As described above, according to the sheet feeder of the illustrated embodiment, since the stop member 61 is always positioned between the sheet feed roller and the sheet guide, that is, the stop member 61 is positioned between the first sheet guide 32 and the second sheet feed roller 41b (or between the second sheet guide 33 and the first sheet feed roller 41a), the sheet fed by the sheet feed roller 41 will surely be in contact with the stop member. Even if the stop member is contacted with the sheet at its deviated position, diagonal feeding of the sheet can be prevented by the sheet guides 32, 33. Further, since the stop member 61 is positioned between the first and second sheet feed rollers 41a, 41b, the sheet is surely contacted with the single stop member 61. This can reduce the number of the stop member to a single stop member. Further, the sheet is imparted with sheet feeding force by the sheet feed rollers at both transverse sides of the sheet with respect to the contacting portion of the sheet with the stop member. Therefore, diagonal feeding is avoidable.

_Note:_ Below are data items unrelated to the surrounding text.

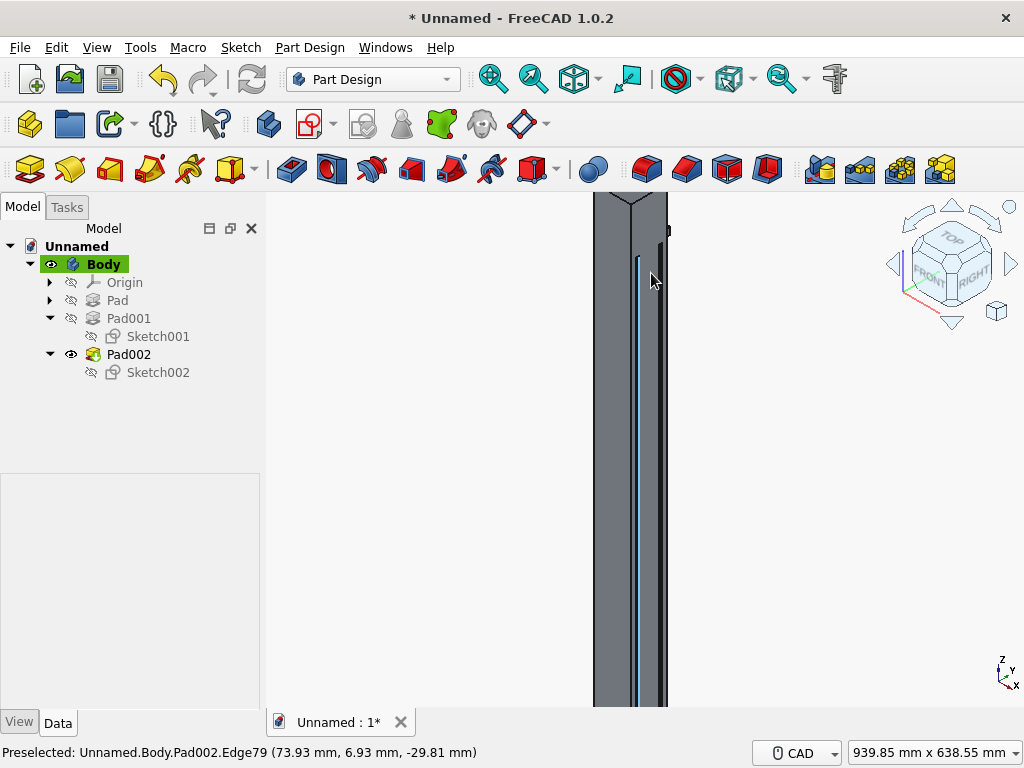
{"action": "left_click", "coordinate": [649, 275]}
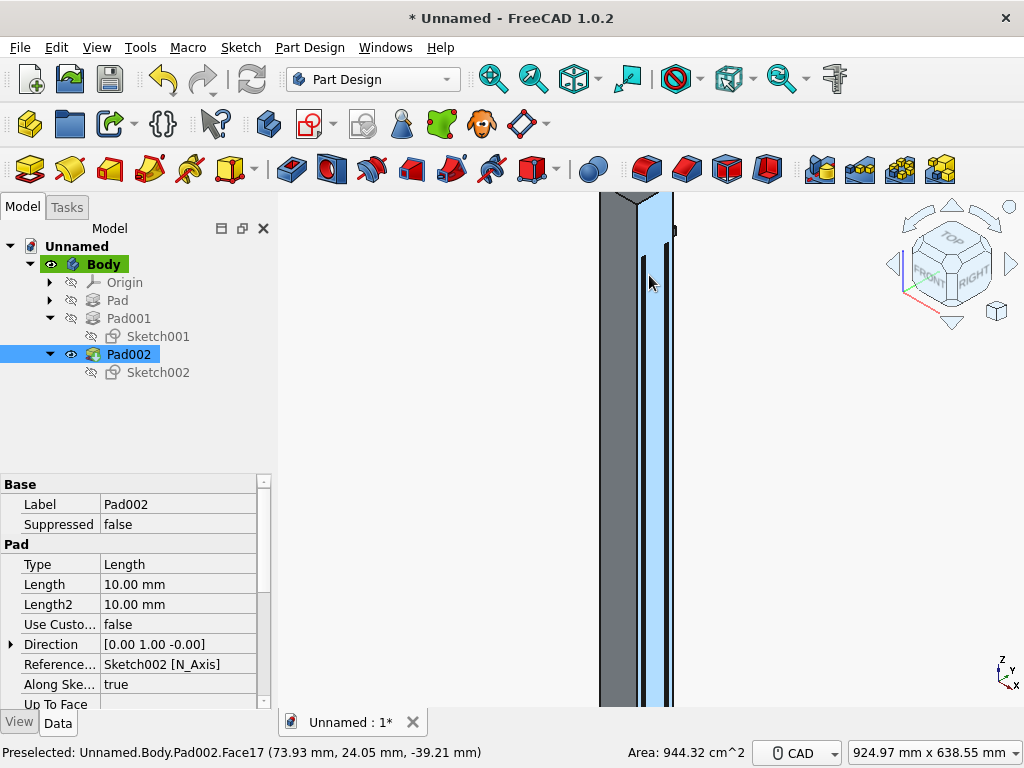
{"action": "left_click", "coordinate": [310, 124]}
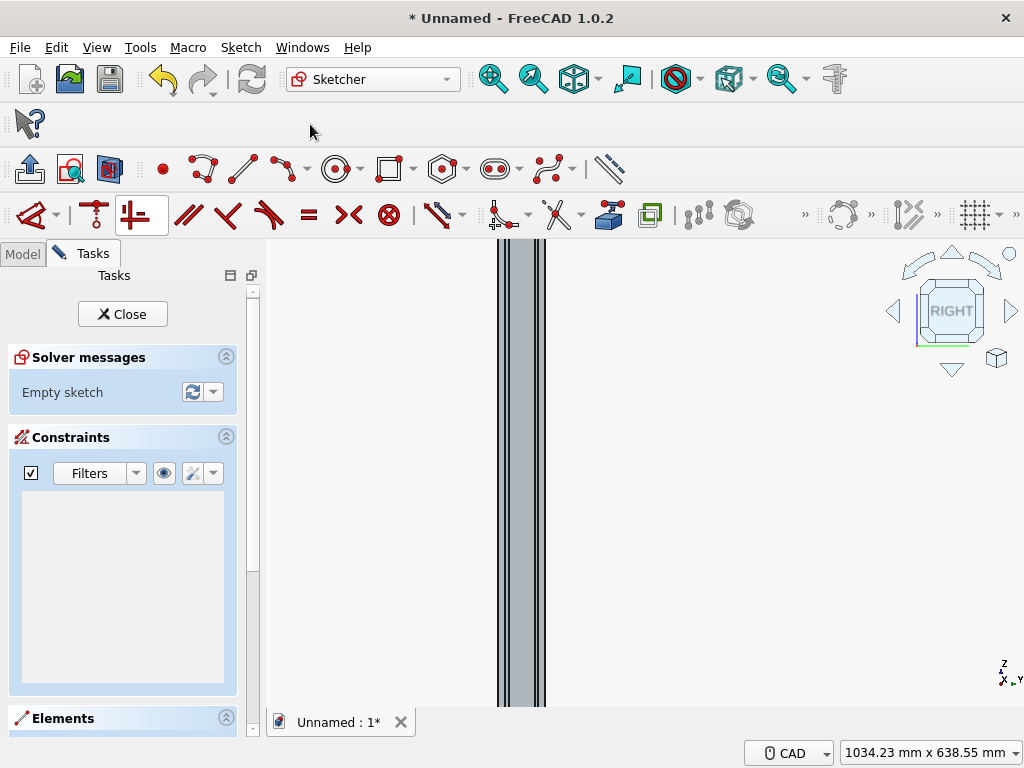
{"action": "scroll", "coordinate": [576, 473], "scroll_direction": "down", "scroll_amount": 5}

Further, in the sheet feeder according to the first embodiment, either the slanted surface 51 or the stop member 61 selectively protrudable from the slanted surface can be used for selectively imparting a separation action on the sheets depending upon the rigidity of the sheets. Further, the separation performance of the stop member can be variously adjusted by changing biasing force of the spring 62 or by changing the properties, such as frictional coefficient and slope angle, of the contact surface 610. Therefore, a highly reliable sheet feeder capable of effectively separating a variety of types of sheets can be provided.
A sheet feeder according to a second embodiment will be described with reference to Fig. 7. In the second embodiment, two stop mechanisms 6 are provided, and each stop mechanism 6 is positioned on an extension in the sheet feeding direction of each sheet feed roller 41a and 41b. In this case, the sheet feeding forces provided by the sheet feed rollers 41a and 41b are linearly imparted on the stop members 61 located on the lines of action of these rollers. Therefore diagonal movement of the sheet S can be effectively prevented.

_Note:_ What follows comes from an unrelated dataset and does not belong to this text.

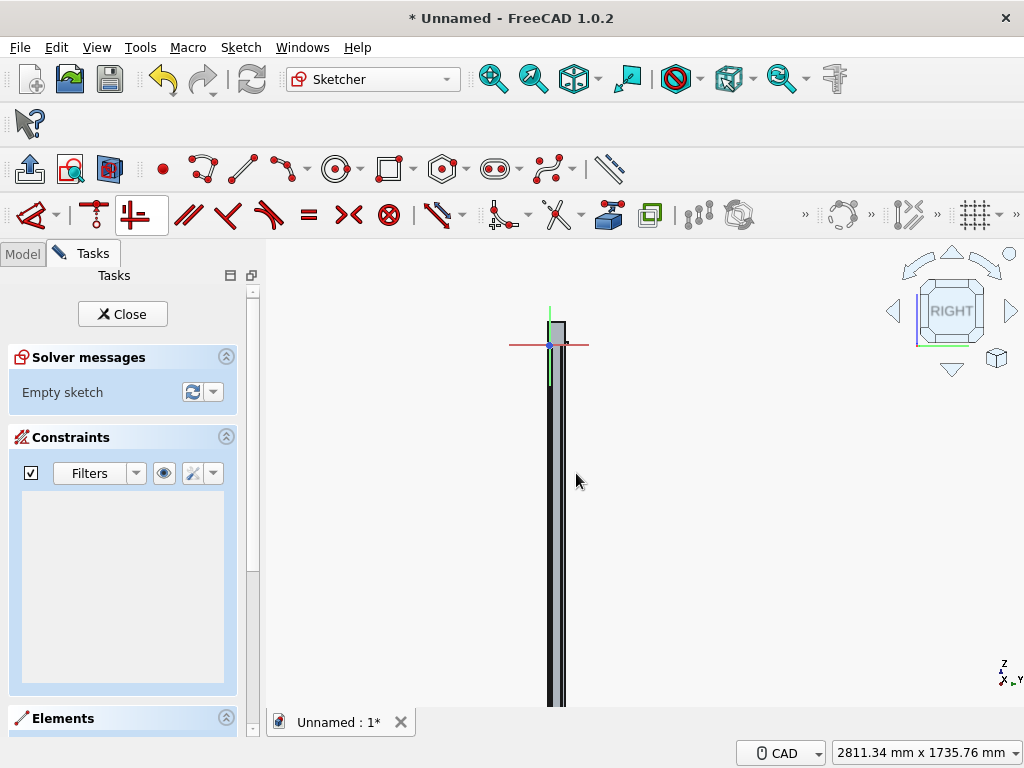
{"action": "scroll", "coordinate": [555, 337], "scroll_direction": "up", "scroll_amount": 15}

A sheet feeder according to a third embodiment is shown in Fig. 8. In the third embodiment, a distance between the stop mechanism 6 and the first sheet feed roller 41a in the lateral direction of the sheet is smaller than the distance in the first embodiment, and further, a second stop mechanism 6' is added at a position between the second sheet feed roller 41b and the second sheet guide 33. In this case, a wide sheet S2 can be in contact with the two stop members 61, 61', whereas a narrow sheet S1 can be in contact with the stop member 61 only. If only one stop mechanism is provided, load or resistance applied to the stop mechanism from the sheet may be varied depending on the size, i. e., weight of the sheet. Taking this into consideration, in the third embodiment, since the wide sheet S2 can be contacted with both the stop members 61 and 61', weight of the sheet can be distributed to the two stop members 61, 61' so as to avoid excessive increase in resistance applied to one stop member. As a result, sufficient sheet separation effect can be obtained regardless of the width of the sheet.
Incidentally, if a plurality of stop mechanisms 6 are provided as shown in Figs. 7 and 8, it is necessary to limit the variance in the biasing force at which each stop member 61 pushes the sheet S. The tolerable range for variance should be set to within ± 50%, and preferably to within ± 10% of a load required to push the stop member 61 below the slanted surface 51.
A sheet feeder according to a fourth embodiment is shown in Fig. 9. In the fourth embodiment a pair of sheet guides 37, 37 are interlockingly movably provided in the lateral direction of the sheet S instead of using the sheet guides 32 and 33 in Fig. 2. The sheet guides 37, 37 are linked to each other via an interlocking mechanism 38. The interlocking mechanism 38 includes a common pinion gear 380 and a pair of racks 381 extending in the lateral direction of the sheet S and meshedly engaged with the pinion gear 380. Each sheet guide 37 is connected to each racks 381. By the interlocking mechanism 38, the sheet guides 37 move symmetrically in the lateral direction of the sheet S with respect to the center line CL of the hopper 3'. Accordingly, a center line of the sheet S stored in the hopper 3' coincides with the center line CL of the hopper 3' regardless of the sheet width.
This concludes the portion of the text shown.